The graph in Figure 3 shows us the distribution of sentiments in each tweet about laryngeal cancer in our corpus. A majority of the tweets have positive polarity. They represent positive sentiment of the user with respect to the topic. There are a lot of neutral tweets and relatively lower number of negative emotions detected in the tweet dataset. Subjectivity is represented along the y axis. The dataset has a good mix of opinions and facts and is not very factual or opinionated. 34.7% of the tweets have positive sentiment, 12.1% of tweets have negative sentiment and the rest of the tweets are neutral. Distribution of counts for each of the categories are illustrated in Figure 4.

Fig. 3
figure 3

Sentiment analysis plot of each tweet in the dataset

Fig. 4
figure 4

Counts of tweets with varied sentiments

Conclusion

Our aim in this study was to analyze the public sentiment of laryngeal cancer on twitter over the past year. Since the dataset does not exist, we scraped all tweets related to laryngeal cancer and performed natural language processing on the dataset of 733 tweets. Laryngeal cancer was referred to as Throat cancer by Twitter users. Related studies that used twitter data to perform sentiment analysis found that COVID-19 was common theme that came up when other cancers such as colorectal cancer, breast cancer, cancer surgical care were mentioned. However, we did not find this to be true four our dataset. In our study, the topics that emerged were diagnosis, HPV, treatment, early detection, social media campaigns and tweets about famous people diagnosed with the disease. Site specific terminology like glottic, supraglottic and subglottic cancers were not mentioned. The overall sentiment of the tweets were neutral which came from authors publishing scientific articles about new research and from organizations advertising their products or services in cancer care. The opinioned, polarized tweets tended to come from public, especially patients and family or fans of celebrities who had contracted the disease.

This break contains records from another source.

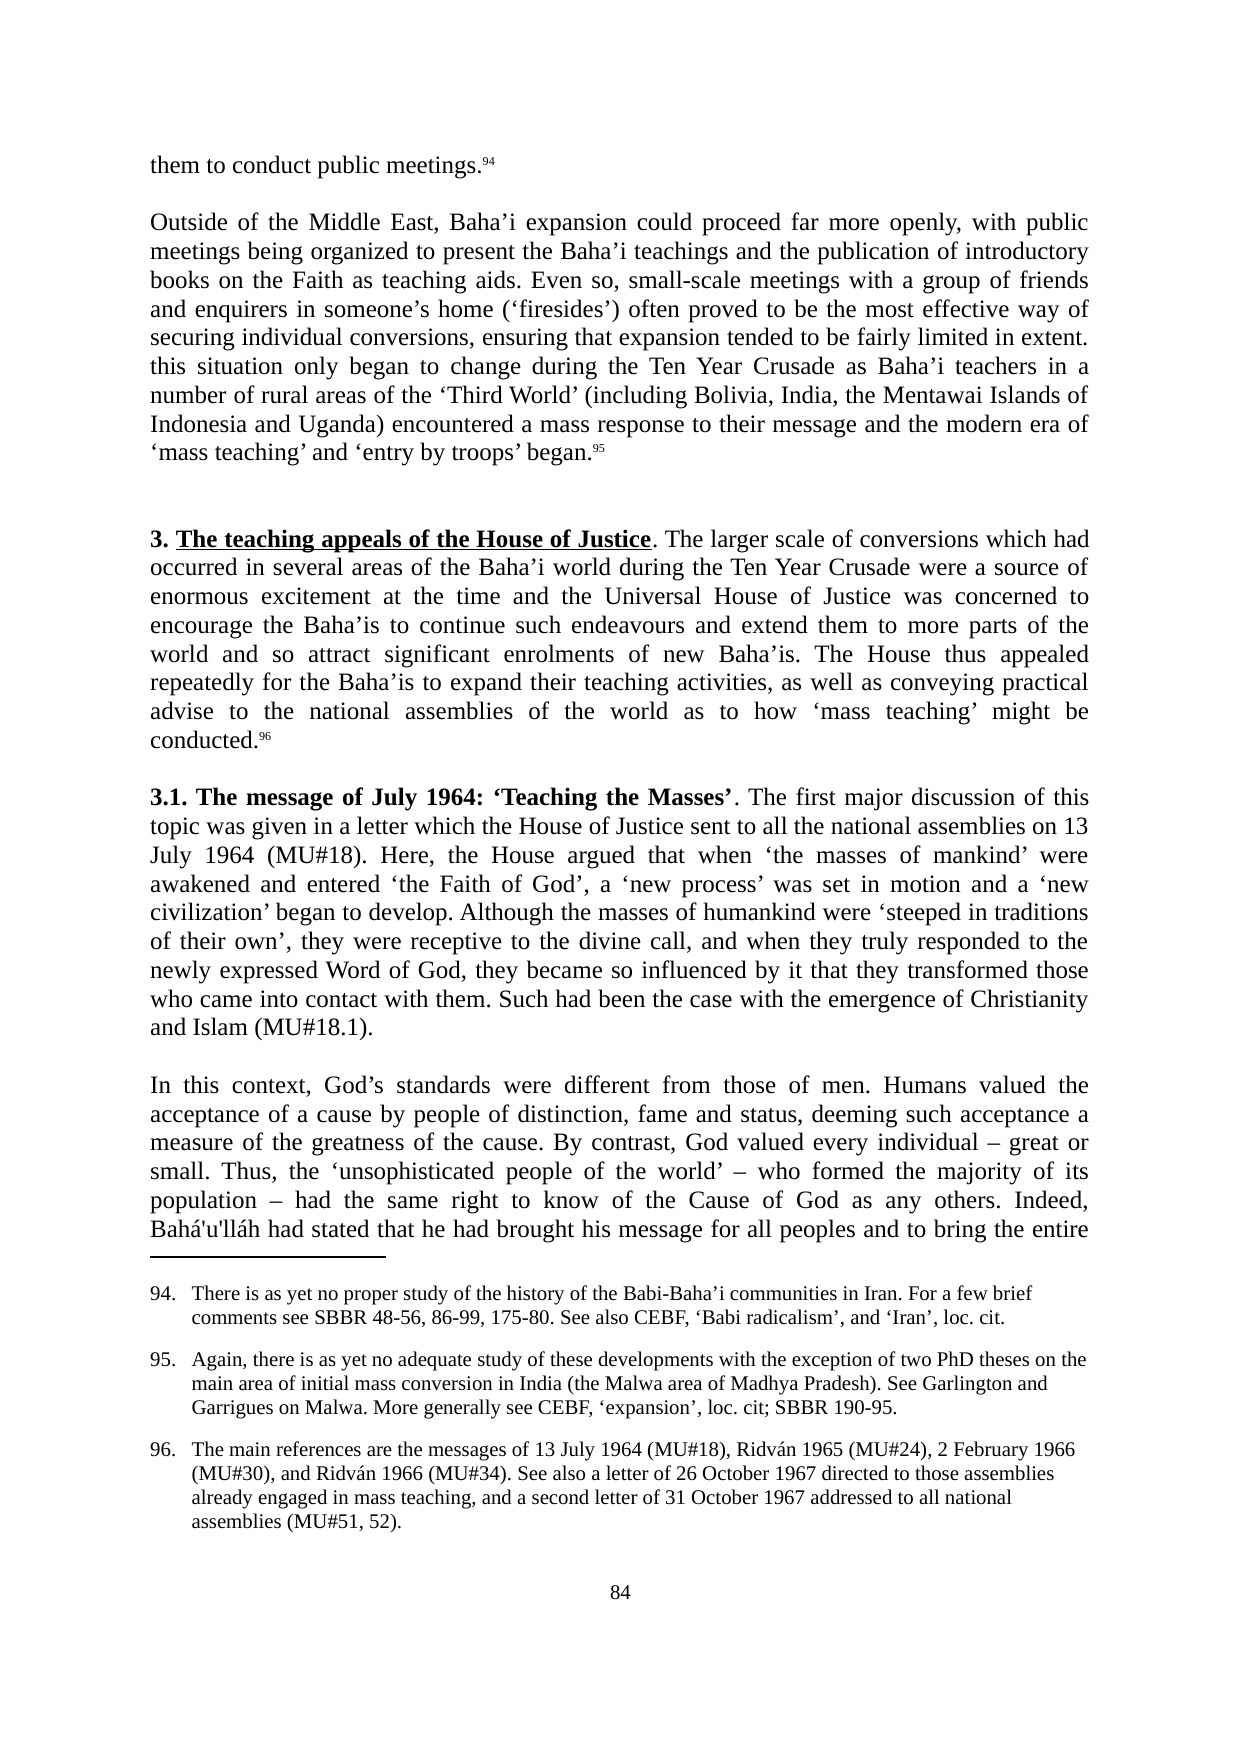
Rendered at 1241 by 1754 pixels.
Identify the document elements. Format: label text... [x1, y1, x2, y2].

text Again, there is as yet no adequate study of these developments with the exception of two PhD theses on the main area of initial mass conversion in India (the Malwa area of Madhya Pradesh). See Garlington and Garrigues on Malwa. More generally see CEBF, ‘expansion’, loc. cit; SBBR 190-95. [150, 1347, 1090, 1419]
text them to conduct public meetings. [150, 150, 1090, 179]
text The main references are the messages of 13 July 1964 (MU#18), Ridván 1965 (MU#24), 2 February 1966 (MU#30), and Ridván 1966 (MU#34). See also a letter of 26 October 1967 directed to those assemblies already engaged in mass teaching, and a second letter of 31 October 1967 addressed to all national assemblies (MU#51, 52). [150, 1436, 1090, 1533]
text There is as yet no proper study of the history of the Babi-Baha’i communities in Iran. For a few brief comments see SBBR 48-56, 86-99, 175-80. See also CEBF, ‘Babi radicalism’, and ‘Iran’, loc. cit. [150, 1281, 1090, 1329]
text In this context, God’s standards were different from those of men. Humans valued the acceptance of a cause by people of distinction, fame and status, deeming such acceptance a measure of the greatness of the cause. By contrast, God valued every individual – great or small. Thus, the ‘unsophisticated people of the world’ – who formed the majority of its population – had the same right to know of the Cause of God as any others. Indeed, Bahá'u'lláh had stated that he had brought his message for all peoples and to bring the entire [150, 1070, 1090, 1242]
text Outside of the Middle East, Baha’i expansion could proceed far more openly, with public meetings being organized to present the Baha’i teachings and the publication of introductory books on the Faith as teaching aids. Even so, small-scale meetings with a group of friends and enquirers in someone’s home (‘firesides’) often proved to be the most effective way of securing individual conversions, ensuring that expansion tended to be fairly limited in extent. this situation only began to change during the Ten Year Crusade as Baha’i teachers in a number of rural areas of the ‘Third World’ (including Bolivia, India, the Mentawai Islands of Indonesia and Uganda) encountered a mass response to their message and the modern era of ‘mass teaching’ and ‘entry by troops’ began. [150, 207, 1090, 466]
text 3.1. The message of July 1964: ‘Teaching the Masses’. The first major discussion of this topic was given in a letter which the House of Justice sent to all the national assemblies on 13 July 1964 (MU#18). Here, the House argued that when ‘the masses of mankind’ were awakened and entered ‘the Faith of God’, a ‘new process’ was set in motion and a ‘new civilization’ began to develop. Although the masses of humankind were ‘steeped in traditions of their own’, they were receptive to the divine call, and when they truly responded to the newly expressed Word of God, they became so influenced by it that they transformed those who came into contact with them. Such had been the case with the emergence of Christianity and Islam (MU#18.1). [150, 782, 1090, 1041]
text 3. The teaching appeals of the House of Justice. The larger scale of conversions which had occurred in several areas of the Baha’i world during the Ten Year Crusade were a source of enormous excitement at the time and the Universal House of Justice was concerned to encourage the Baha’is to continue such endeavours and extend them to more parts of the world and so attract significant enrolments of new Baha’is. The House thus appealed repeatedly for the Baha’is to expand their teaching activities, as well as conveying practical advise to the national assemblies of the world as to how ‘mass teaching’ might be conducted. [150, 524, 1090, 754]

This research can be extended by scraping a larger dataset from a larger timeline. User information and hashtag information can be collected and aggregated to estimate the overall purpose of the tweet such as support, education, cancer care, scientific discoveries, recovery, etc. This can provide further insight into social media discussions of laryngeal cancer on the internet. The study can be further expanded to include more social media sites other than twitter to get a larger pool of text to mine and analyze.

Limitations

There are tweets with both English and non-English characters. The words containing non-English characters were removed and analyzed. Translation of the tweets in other languages would give us better insight into the sentiment of the tweet.